Why is there no best practice to prevent display ad fraud?
In Professor Tuzhilin’s report, he reveals the surprising fact that Google was illegitimately charging for immediate second clicks on text-link ads until March, 2005. This is a surprising fact for several reasons. Charging advertisers for duplicate clicks is clearly not acceptable. It was plainly Google’s responsibility to prevent charges for duplicate clicks. It was straight-forward for Google to stop charging advertisers for duplicate clicks. Post-click user sessions were relatively auditable by advertisers. Google was a public company at the time. And Google was also one of the most admired companies in terms of perceived ethical standards.
The situation is many times worse across the display advertising industry.
Across the display advertising ecosystem it is not clear whose responsibility it is to identify and prevent fraud. This LUMAscape diagram shows how fragmented the display advertising ecosystem is. In the case of search PPC, Google acts as both the publisher and the seller of the ads. In the display advertising ecosystem there are too many disparate parties between the advertiser and the publisher—sell-side platform, a daisy chain of ad networks, ad exchange, demand-side platform, ad trading desk, etc.— for it to be clear who is responsible for preventing fraud.
It is also not easy to identify and prevent fraud. This is particularly so the further away the fraud checks are from the publisher.

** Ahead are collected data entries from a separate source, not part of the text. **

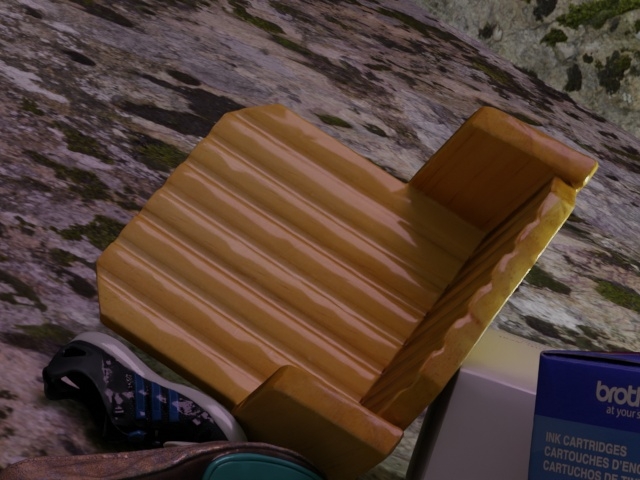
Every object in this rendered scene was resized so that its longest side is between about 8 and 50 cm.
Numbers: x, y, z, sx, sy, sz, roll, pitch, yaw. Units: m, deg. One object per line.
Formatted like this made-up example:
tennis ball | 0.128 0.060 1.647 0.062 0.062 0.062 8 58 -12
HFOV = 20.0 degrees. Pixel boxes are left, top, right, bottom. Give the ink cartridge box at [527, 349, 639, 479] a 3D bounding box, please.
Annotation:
ink cartridge box | 0.290 0.225 1.403 0.270 0.395 0.151 6 1 -45

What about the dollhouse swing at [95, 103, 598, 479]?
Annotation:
dollhouse swing | 0.000 0.000 1.657 0.305 0.347 0.315 40 -24 -1

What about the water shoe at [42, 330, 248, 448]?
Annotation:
water shoe | -0.159 0.161 1.622 0.203 0.073 0.080 30 45 19

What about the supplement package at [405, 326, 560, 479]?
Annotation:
supplement package | 0.180 0.195 1.639 0.177 0.175 0.293 19 7 2

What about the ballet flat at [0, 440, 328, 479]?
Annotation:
ballet flat | -0.128 0.202 1.465 0.316 0.107 0.106 7 11 -43
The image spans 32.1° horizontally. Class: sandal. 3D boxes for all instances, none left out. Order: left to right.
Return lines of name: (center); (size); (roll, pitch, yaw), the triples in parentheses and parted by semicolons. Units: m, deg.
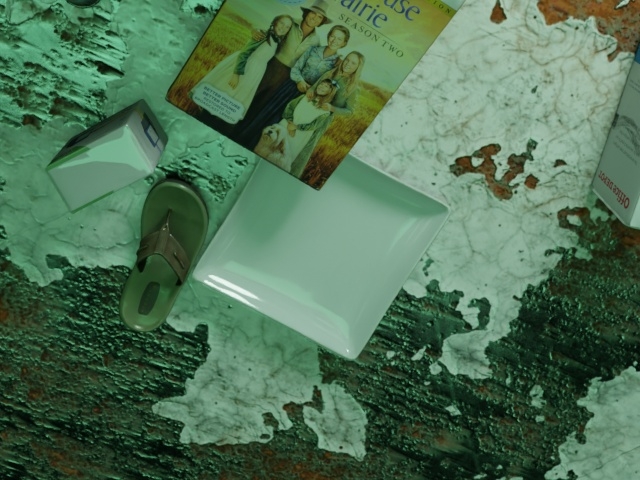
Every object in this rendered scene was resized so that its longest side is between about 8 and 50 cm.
sandal: (-0.277, 0.037, 1.961); (0.120, 0.086, 0.303); (15, 109, -8)

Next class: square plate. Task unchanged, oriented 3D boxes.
square plate: (0.000, 0.000, 1.979); (0.344, 0.049, 0.347); (29, 106, -11)

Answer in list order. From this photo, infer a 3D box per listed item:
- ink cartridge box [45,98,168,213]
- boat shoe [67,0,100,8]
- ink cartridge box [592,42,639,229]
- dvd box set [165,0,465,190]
ink cartridge box: (-0.347, -0.142, 1.829); (0.154, 0.212, 0.093); (-26, 105, 8)
boat shoe: (-0.458, -0.501, 1.753); (0.116, 0.099, 0.319); (-36, 107, 11)
ink cartridge box: (0.581, -0.185, 1.841); (0.129, 0.223, 0.307); (12, 109, -7)
dvd box set: (-0.015, -0.307, 1.747); (0.307, 0.062, 0.420); (31, 123, -14)
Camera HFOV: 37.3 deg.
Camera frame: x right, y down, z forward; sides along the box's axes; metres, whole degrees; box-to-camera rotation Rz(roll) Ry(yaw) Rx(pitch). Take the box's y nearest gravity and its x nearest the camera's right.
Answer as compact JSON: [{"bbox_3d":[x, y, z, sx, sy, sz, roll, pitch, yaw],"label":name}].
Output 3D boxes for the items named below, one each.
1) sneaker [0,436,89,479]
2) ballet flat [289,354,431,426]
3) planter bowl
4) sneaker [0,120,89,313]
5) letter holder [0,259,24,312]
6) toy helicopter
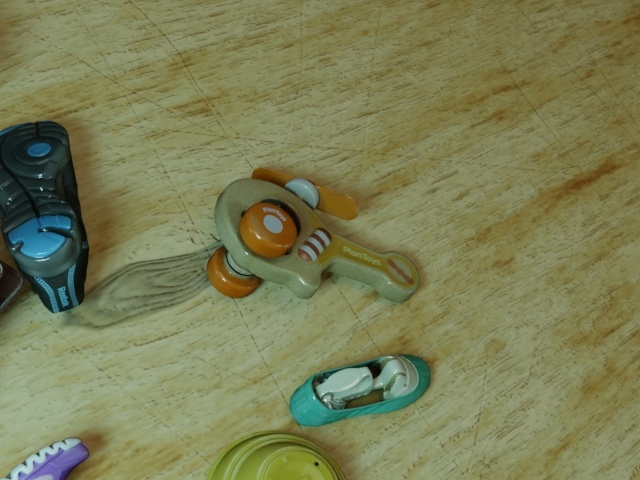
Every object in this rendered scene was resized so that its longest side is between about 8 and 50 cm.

The path connecting advertisers to publishers is built on the assumption that “everything just works.” In practice, it seldom does, even without any efforts by nefarious parties to game the system. The more moving parts connecting advertisers to publishers, the more fuzzy the audit trail becomes.
In this article we have considered how display advertising fraud has gone unchecked because of the fragmented state of the display advertising ecosystem. There are typically multiple parties between the advertiser and the publisher, and this has made it less straightforward to assign responsibility for preventing fraud across display advertising than it has been across search PPC. The audit trail on the display advertising buy side is also not clear enough for advertisers to identify inventory anomalies easily.
In this article we have also touched on the extent to which fraud blights the display advertising ecosystem. Early indications are that fraud is a substantially larger problem across display advertising than it might ever have been across search PPC. According to Google’s announced Fourth Quarter 2012 Financial Results, 67% of Google’s revenues were generated across sites owned by Google and only 27% of Google’s revenues were generated across third-party websites. Display advertising is quite different. There is no major publisher that serves as the principal source of all ad inventory. Instead display ad inventory is distributed across many smaller publishers, and the financial incentive for these publishers to game the system is great.
In much the same way that ad exchanges have been deemed responsible by the courts for policing search PPC advertising fraud, we have proposed in this article that display ad exchanges and other suppliers of display ad inventory should be held responsible for policing display advertising fraud.
If the online display advertising industry is to compete with other other advertising channels, then the leaders of our biggest display ad exchanges, like Brian O’Kelley of AppNexus, are right to make fighting fraud a top priority.